From the top of the records below, return each line exactly, ending with the line that contains "layer by layer".

---+---

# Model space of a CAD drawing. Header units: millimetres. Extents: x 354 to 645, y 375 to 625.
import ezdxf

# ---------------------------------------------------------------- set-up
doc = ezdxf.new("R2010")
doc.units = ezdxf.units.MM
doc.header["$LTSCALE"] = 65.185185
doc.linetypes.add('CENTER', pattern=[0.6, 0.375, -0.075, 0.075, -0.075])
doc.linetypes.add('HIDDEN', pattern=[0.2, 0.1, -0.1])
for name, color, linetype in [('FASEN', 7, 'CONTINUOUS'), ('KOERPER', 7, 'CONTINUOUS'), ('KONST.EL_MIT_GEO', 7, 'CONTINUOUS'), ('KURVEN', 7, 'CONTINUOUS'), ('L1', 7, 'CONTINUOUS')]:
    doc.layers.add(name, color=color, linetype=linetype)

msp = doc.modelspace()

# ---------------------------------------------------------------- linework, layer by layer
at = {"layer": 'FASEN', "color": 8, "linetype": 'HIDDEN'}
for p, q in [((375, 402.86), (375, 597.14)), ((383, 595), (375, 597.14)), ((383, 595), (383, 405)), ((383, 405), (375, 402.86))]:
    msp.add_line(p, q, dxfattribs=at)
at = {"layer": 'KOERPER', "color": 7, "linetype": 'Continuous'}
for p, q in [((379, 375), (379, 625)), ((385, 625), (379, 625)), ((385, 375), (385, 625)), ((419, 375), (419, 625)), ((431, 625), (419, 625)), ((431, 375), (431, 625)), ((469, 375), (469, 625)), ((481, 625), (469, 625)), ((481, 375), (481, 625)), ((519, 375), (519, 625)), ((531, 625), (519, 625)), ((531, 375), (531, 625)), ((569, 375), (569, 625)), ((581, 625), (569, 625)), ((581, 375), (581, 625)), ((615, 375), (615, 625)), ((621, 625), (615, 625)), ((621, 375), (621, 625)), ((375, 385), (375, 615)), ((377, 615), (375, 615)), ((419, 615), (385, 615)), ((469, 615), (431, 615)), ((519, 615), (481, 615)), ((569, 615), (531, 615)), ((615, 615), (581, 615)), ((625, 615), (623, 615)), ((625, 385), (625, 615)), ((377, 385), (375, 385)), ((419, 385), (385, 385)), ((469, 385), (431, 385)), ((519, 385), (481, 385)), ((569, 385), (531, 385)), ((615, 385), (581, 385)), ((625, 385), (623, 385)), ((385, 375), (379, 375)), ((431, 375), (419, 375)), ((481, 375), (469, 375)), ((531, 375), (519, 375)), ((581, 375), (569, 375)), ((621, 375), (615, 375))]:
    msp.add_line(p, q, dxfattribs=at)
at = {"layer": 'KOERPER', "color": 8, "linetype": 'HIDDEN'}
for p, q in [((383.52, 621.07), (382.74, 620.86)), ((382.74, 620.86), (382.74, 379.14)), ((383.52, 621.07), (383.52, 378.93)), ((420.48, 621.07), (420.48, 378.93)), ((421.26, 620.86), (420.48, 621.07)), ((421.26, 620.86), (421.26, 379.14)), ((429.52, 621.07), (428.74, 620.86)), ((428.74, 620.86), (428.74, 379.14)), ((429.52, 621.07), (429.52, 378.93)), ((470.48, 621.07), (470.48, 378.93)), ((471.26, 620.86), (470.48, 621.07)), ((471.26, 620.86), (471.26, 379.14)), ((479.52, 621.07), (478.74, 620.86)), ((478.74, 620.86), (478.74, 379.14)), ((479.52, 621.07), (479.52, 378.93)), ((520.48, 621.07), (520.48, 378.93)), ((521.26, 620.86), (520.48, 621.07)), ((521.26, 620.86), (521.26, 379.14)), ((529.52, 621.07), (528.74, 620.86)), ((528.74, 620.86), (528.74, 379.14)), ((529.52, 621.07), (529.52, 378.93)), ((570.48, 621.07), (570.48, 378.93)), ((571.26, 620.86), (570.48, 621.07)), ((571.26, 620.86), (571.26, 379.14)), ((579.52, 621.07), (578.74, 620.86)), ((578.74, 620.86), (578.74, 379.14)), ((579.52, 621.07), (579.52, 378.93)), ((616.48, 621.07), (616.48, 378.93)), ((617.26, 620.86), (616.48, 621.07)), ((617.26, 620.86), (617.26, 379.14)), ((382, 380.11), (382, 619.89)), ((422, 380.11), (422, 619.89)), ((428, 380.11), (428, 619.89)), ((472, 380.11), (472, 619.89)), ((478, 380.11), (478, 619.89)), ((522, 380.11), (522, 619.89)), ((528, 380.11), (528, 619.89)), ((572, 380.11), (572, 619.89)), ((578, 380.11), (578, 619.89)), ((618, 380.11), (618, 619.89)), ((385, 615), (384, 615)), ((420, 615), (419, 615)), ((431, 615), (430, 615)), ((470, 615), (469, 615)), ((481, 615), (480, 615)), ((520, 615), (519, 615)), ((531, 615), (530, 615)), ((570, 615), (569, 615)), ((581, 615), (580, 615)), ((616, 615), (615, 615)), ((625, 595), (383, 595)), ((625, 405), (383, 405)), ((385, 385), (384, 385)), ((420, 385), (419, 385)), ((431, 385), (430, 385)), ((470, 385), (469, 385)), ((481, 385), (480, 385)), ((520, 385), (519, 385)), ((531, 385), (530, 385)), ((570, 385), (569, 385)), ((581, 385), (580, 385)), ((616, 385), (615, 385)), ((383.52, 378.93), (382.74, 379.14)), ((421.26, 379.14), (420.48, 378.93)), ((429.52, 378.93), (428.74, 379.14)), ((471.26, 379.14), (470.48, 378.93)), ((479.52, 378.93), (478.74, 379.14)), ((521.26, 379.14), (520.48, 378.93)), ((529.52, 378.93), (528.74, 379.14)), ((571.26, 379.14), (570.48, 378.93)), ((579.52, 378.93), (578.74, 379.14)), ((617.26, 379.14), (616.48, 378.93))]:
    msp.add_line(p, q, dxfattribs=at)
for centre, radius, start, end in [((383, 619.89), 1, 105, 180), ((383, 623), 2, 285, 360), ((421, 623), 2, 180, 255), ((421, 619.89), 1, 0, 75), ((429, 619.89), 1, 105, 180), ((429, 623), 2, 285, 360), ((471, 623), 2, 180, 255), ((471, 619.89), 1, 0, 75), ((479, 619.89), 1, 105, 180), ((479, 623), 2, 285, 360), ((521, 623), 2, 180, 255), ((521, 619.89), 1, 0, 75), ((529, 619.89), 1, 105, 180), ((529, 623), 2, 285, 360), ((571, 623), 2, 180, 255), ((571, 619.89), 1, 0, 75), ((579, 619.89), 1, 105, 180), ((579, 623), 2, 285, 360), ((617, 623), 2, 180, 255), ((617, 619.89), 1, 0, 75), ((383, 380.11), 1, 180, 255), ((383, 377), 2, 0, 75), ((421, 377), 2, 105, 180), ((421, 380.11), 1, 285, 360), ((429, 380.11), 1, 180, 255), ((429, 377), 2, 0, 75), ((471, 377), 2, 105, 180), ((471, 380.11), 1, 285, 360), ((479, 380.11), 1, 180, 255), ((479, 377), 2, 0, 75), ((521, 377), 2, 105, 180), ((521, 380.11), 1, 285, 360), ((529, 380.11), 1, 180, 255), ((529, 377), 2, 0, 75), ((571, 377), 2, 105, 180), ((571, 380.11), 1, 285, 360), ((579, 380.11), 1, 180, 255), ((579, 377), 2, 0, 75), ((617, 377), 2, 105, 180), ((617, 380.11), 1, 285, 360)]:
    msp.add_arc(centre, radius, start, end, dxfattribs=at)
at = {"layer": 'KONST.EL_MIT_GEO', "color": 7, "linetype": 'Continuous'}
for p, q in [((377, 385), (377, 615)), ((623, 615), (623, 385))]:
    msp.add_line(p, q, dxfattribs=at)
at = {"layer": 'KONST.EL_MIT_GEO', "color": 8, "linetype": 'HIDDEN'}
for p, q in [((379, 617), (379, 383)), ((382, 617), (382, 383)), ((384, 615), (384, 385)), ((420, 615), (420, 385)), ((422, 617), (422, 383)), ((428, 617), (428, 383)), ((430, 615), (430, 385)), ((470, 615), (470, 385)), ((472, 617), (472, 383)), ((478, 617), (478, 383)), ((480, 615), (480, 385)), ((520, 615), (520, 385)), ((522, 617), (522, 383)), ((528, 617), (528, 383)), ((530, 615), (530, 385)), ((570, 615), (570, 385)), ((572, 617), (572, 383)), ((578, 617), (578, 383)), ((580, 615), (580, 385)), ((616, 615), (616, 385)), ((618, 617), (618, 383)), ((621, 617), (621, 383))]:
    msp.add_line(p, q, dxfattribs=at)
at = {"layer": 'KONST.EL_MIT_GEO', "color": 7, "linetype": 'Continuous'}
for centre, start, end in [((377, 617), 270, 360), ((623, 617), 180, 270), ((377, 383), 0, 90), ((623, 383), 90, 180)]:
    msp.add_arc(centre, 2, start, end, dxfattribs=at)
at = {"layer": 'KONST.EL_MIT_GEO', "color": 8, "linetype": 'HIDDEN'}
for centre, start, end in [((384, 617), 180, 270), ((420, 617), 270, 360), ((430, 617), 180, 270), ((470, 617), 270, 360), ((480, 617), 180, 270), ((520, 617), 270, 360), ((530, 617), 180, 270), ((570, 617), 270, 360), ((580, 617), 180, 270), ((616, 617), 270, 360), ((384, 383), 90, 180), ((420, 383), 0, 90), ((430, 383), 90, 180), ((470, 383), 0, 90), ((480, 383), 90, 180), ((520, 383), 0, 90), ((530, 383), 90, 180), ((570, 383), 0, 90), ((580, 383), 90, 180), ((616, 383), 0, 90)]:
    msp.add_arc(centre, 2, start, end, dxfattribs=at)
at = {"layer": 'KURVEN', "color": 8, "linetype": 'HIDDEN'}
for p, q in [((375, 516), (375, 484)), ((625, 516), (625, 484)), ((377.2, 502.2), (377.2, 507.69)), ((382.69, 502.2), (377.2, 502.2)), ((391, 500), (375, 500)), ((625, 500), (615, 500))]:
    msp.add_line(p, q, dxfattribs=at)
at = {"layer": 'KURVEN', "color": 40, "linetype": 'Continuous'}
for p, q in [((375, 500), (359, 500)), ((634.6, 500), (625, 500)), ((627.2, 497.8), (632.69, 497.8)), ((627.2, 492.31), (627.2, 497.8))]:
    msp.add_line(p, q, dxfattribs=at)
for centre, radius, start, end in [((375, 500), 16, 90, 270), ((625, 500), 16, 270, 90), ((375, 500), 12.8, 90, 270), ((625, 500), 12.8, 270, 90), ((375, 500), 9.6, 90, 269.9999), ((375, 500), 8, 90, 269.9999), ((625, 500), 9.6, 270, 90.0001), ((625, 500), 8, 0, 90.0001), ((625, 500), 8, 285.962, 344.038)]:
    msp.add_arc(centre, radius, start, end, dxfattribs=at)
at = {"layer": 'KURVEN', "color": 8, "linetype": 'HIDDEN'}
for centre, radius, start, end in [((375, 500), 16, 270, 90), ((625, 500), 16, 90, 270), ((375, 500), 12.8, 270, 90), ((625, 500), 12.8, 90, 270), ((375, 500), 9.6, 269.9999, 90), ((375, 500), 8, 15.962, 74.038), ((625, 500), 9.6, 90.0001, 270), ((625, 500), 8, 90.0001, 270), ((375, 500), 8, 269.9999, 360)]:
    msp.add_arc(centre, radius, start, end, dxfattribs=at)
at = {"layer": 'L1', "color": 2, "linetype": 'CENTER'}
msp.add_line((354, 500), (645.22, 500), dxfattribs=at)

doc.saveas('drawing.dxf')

---+---

RESPONSE BOX:
# Model space of a CAD drawing. Header units: millimetres. Extents: x 354 to 645, y 375 to 625.
import ezdxf

# ---------------------------------------------------------------- set-up
doc = ezdxf.new("R2010")
doc.units = ezdxf.units.MM
doc.header["$LTSCALE"] = 65.185185
doc.linetypes.add('CENTER', pattern=[0.6, 0.375, -0.075, 0.075, -0.075])
doc.linetypes.add('HIDDEN', pattern=[0.2, 0.1, -0.1])
for name, color, linetype in [('FASEN', 7, 'CONTINUOUS'), ('KOERPER', 7, 'CONTINUOUS'), ('KONST.EL_MIT_GEO', 7, 'CONTINUOUS'), ('KURVEN', 7, 'CONTINUOUS'), ('L1', 7, 'CONTINUOUS')]:
    doc.layers.add(name, color=color, linetype=linetype)

msp = doc.modelspace()

# ---------------------------------------------------------------- linework, layer by layer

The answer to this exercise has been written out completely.